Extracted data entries
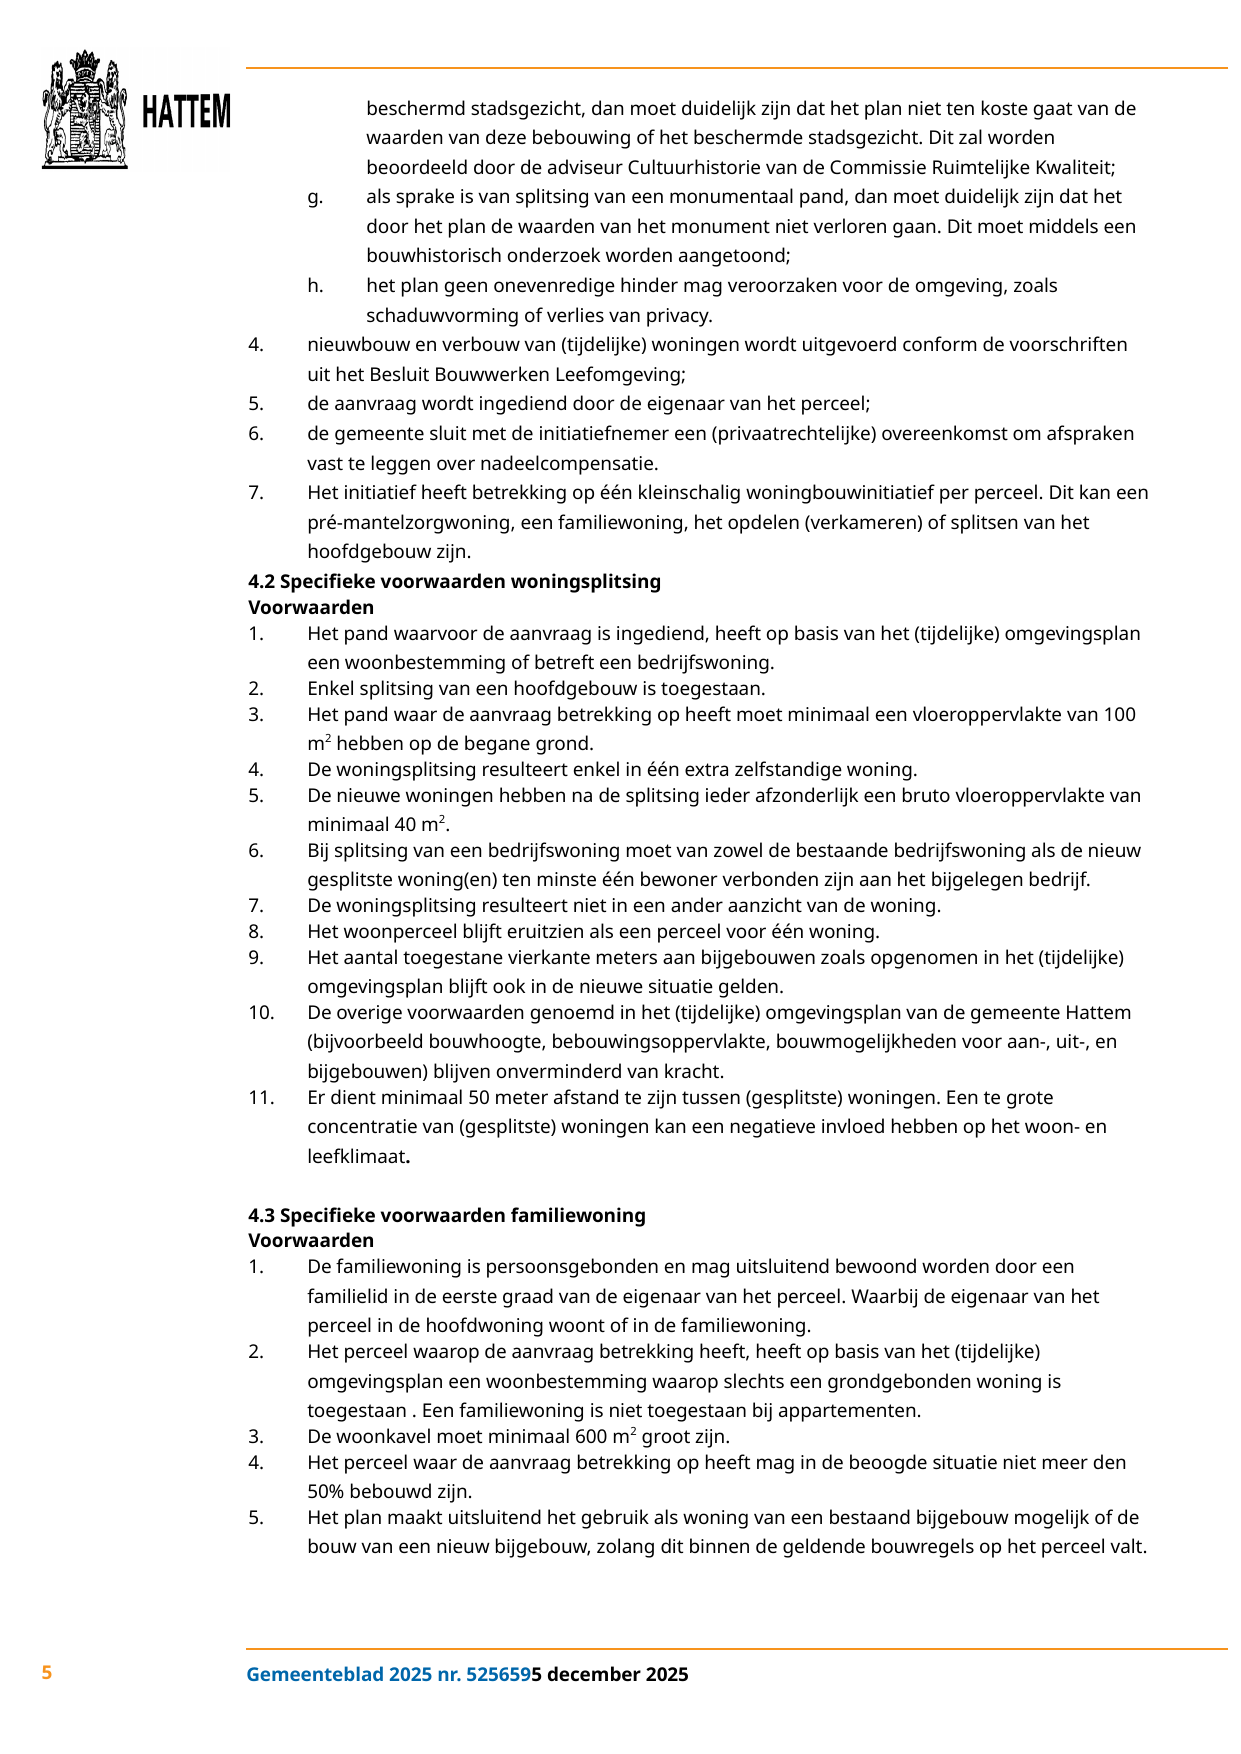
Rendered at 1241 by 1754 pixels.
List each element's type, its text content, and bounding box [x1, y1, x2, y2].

list beschermd stadsgezicht, dan moet duidelijk zijn dat het plan niet ten koste gaat van de waarden van deze bebouwing of het beschermde stadsgezicht. Dit zal worden beoordeeld door de adviseur Cultuurhistorie van de Commissie Ruimtelijke Kwaliteit; [307, 95, 1152, 180]
table_cell De woningsplitsing resulteert niet in een ander aanzicht van de woning. [248, 893, 1152, 918]
table_cell Bij splitsing van een bedrijfswoning moet van zowel de bestaande bedrijfswoning als de nieuw gesplitste woning(en) ten minste één bewoner verbonden zijn aan het bijgelegen bedrijf. [248, 837, 1152, 892]
list het plan geen onevenredige hinder mag veroorzaken voor de omgeving, zoals schaduwvorming of verlies van privacy. [307, 272, 1152, 328]
table_cell De woonkavel moet minimaal 600 m2 groot zijn. [248, 1423, 1152, 1449]
table_cell Het pand waar de aanvraag betrekking op heeft moet minimaal een vloeroppervlakte van 100 m2 hebben op de begane grond. [248, 701, 1152, 756]
list nieuwbouw en verbouw van (tijdelijke) woningen wordt uitgevoerd conform de voorschriften uit het Besluit Bouwwerken Leefomgeving; [248, 331, 1152, 387]
list de aanvraag wordt ingediend door de eigenaar van het perceel; [248, 391, 1152, 416]
list de gemeente sluit met de initiatiefnemer een (privaatrechtelijke) overeenkomst om afspraken vast te leggen over nadeelcompensatie. [248, 420, 1152, 476]
table_header Voorwaarden [248, 1228, 1152, 1253]
table_cell Het perceel waarop de aanvraag betrekking heeft, heeft op basis van het (tijdelijke) omgevingsplan een woonbestemming waarop slechts een grondgebonden woning is toegestaan . Een familiewoning is niet toegestaan bij appartementen. [248, 1338, 1152, 1423]
table_cell Het aantal toegestane vierkante meters aan bijgebouwen zoals opgenomen in het (tijdelijke) omgevingsplan blijft ook in de nieuwe situatie gelden. [248, 944, 1152, 999]
table_cell Het perceel waar de aanvraag betrekking op heeft mag in de beoogde situatie niet meer den 50% bebouwd zijn. [248, 1449, 1152, 1504]
table_cell De familiewoning is persoonsgebonden en mag uitsluitend bewoond worden door een familielid in de eerste graad van de eigenaar van het perceel. Waarbij de eigenaar van het perceel in de hoofdwoning woont of in de familiewoning. [248, 1253, 1152, 1338]
table_cell Het woonperceel blijft eruitzien als een perceel voor één woning. [248, 918, 1152, 944]
table_cell Enkel splitsing van een hoofdgebouw is toegestaan. [248, 675, 1152, 701]
table_cell Er dient minimaal 50 meter afstand te zijn tussen (gesplitste) woningen. Een te grote concentratie van (gesplitste) woningen kan een negatieve invloed hebben op het woon- en leefklimaat. [248, 1084, 1152, 1169]
table_cell De overige voorwaarden genoemd in het (tijdelijke) omgevingsplan van de gemeente Hattem (bijvoorbeeld bouwhoogte, bebouwingsoppervlakte, bouwmogelijkheden voor aan-, uit-, en bijgebouwen) blijven onverminderd van kracht. [248, 999, 1152, 1084]
text 4.2 Specifieke voorwaarden woningsplitsing [248, 568, 1152, 594]
table_cell Het plan maakt uitsluitend het gebruik als woning van een bestaand bijgebouw mogelijk of de bouw van een nieuw bijgebouw, zolang dit binnen de geldende bouwregels op het perceel valt. [248, 1504, 1152, 1559]
table_cell De woningsplitsing resulteert enkel in één extra zelfstandige woning. [248, 756, 1152, 782]
list Het initiatief heeft betrekking op één kleinschalig woningbouwinitiatief per perceel. Dit kan een pré-mantelzorgwoning, een familiewoning, het opdelen (verkameren) of splitsen van het hoofdgebouw zijn. [248, 479, 1152, 564]
list als sprake is van splitsing van een monumentaal pand, dan moet duidelijk zijn dat het door het plan de waarden van het monument niet verloren gaan. Dit moet middels een bouwhistorisch onderzoek worden aangetoond; [307, 183, 1152, 268]
table_cell De nieuwe woningen hebben na de splitsing ieder afzonderlijk een bruto vloeroppervlakte van minimaal 40 m2. [248, 782, 1152, 837]
text 4.3 Specifieke voorwaarden familiewoning [248, 1202, 1152, 1227]
table_cell Het pand waarvoor de aanvraag is ingediend, heeft op basis van het (tijdelijke) omgevingsplan een woonbestemming of betreft een bedrijfswoning. [248, 620, 1152, 675]
picture [41, 47, 231, 172]
table_header Voorwaarden [248, 594, 1152, 620]

--- ABOUT THIS TASK ---
Report all lines of the data above that include the string "zoals".

--- RESPONSE AREA ---
list het plan geen onevenredige hinder mag veroorzaken voor de omgeving, zoals schaduwvorming of verlies van privacy. [307, 272, 1152, 328]
table_cell Het aantal toegestane vierkante meters aan bijgebouwen zoals opgenomen in het (tijdelijke) omgevingsplan blijft ook in de nieuwe situatie gelden. [248, 944, 1152, 999]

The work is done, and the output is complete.